→ **Task objective**
An exact copy of the entries, with every picture omitted, is what is needed here.

-.-.-

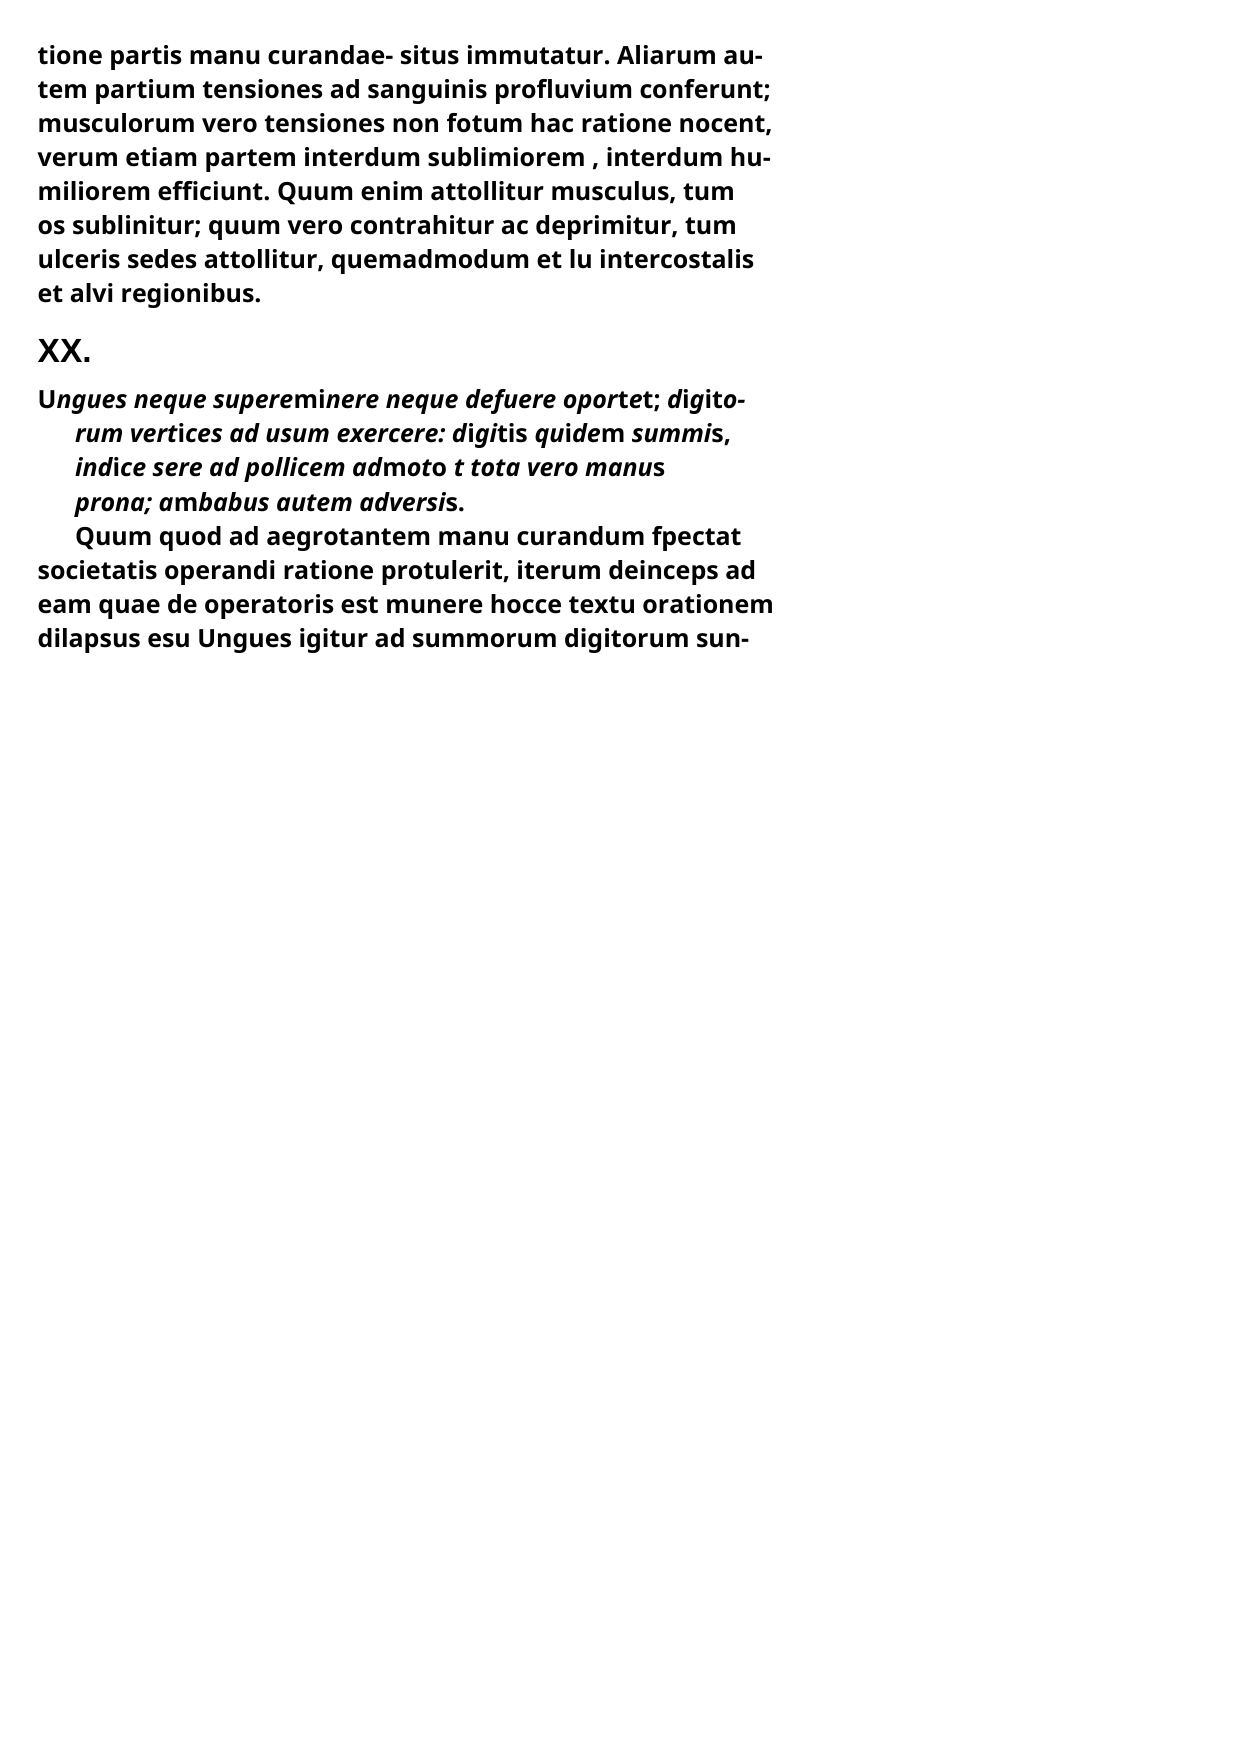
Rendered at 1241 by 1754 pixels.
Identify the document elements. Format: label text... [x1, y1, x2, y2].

text Ungues neque supereminere neque defuere oportet; digito- rum vertices ad usum exercere: digitis quidem summis, indice sere ad pollicem admoto t tota vero manus prona; ambabus autem adversis. [37, 382, 1203, 518]
text tione partis manu curandae- situs immutatur. Aliarum au- tem partium tensiones ad sanguinis profluvium conferunt; musculorum vero tensiones non fotum hac ratione nocent, verum etiam partem interdum sublimiorem , interdum hu- miliorem efficiunt. Quum enim attollitur musculus, tum os sublinitur; quum vero contrahitur ac deprimitur, tum ulceris sedes attollitur, quemadmodum et lu intercostalis et alvi regionibus. [37, 37, 1203, 310]
subtitle XX. [37, 331, 1203, 369]
text Quum quod ad aegrotantem manu curandum fpectat societatis operandi ratione protulerit, iterum deinceps ad eam quae de operatoris est munere hocce textu orationem dilapsus esu Ungues igitur ad summorum digitorum sun- [37, 518, 1203, 654]

-.-.-

→ **Response for this exercise**
Rendered at 1241 by 1754 pixels.
Identify the document elements. Format: label text... [x1, y1, x2, y2].

text Ungues neque supereminere neque defuere oportet; digito- rum vertices ad usum exercere: digitis quidem summis, indice sere ad pollicem admoto t tota vero manus prona; ambabus autem adversis. [37, 382, 1203, 518]
text tione partis manu curandae- situs immutatur. Aliarum au- tem partium tensiones ad sanguinis profluvium conferunt; musculorum vero tensiones non fotum hac ratione nocent, verum etiam partem interdum sublimiorem , interdum hu- miliorem efficiunt. Quum enim attollitur musculus, tum os sublinitur; quum vero contrahitur ac deprimitur, tum ulceris sedes attollitur, quemadmodum et lu intercostalis et alvi regionibus. [37, 37, 1203, 310]
subtitle XX. [37, 331, 1203, 369]
text Quum quod ad aegrotantem manu curandum fpectat societatis operandi ratione protulerit, iterum deinceps ad eam quae de operatoris est munere hocce textu orationem dilapsus esu Ungues igitur ad summorum digitorum sun- [37, 518, 1203, 654]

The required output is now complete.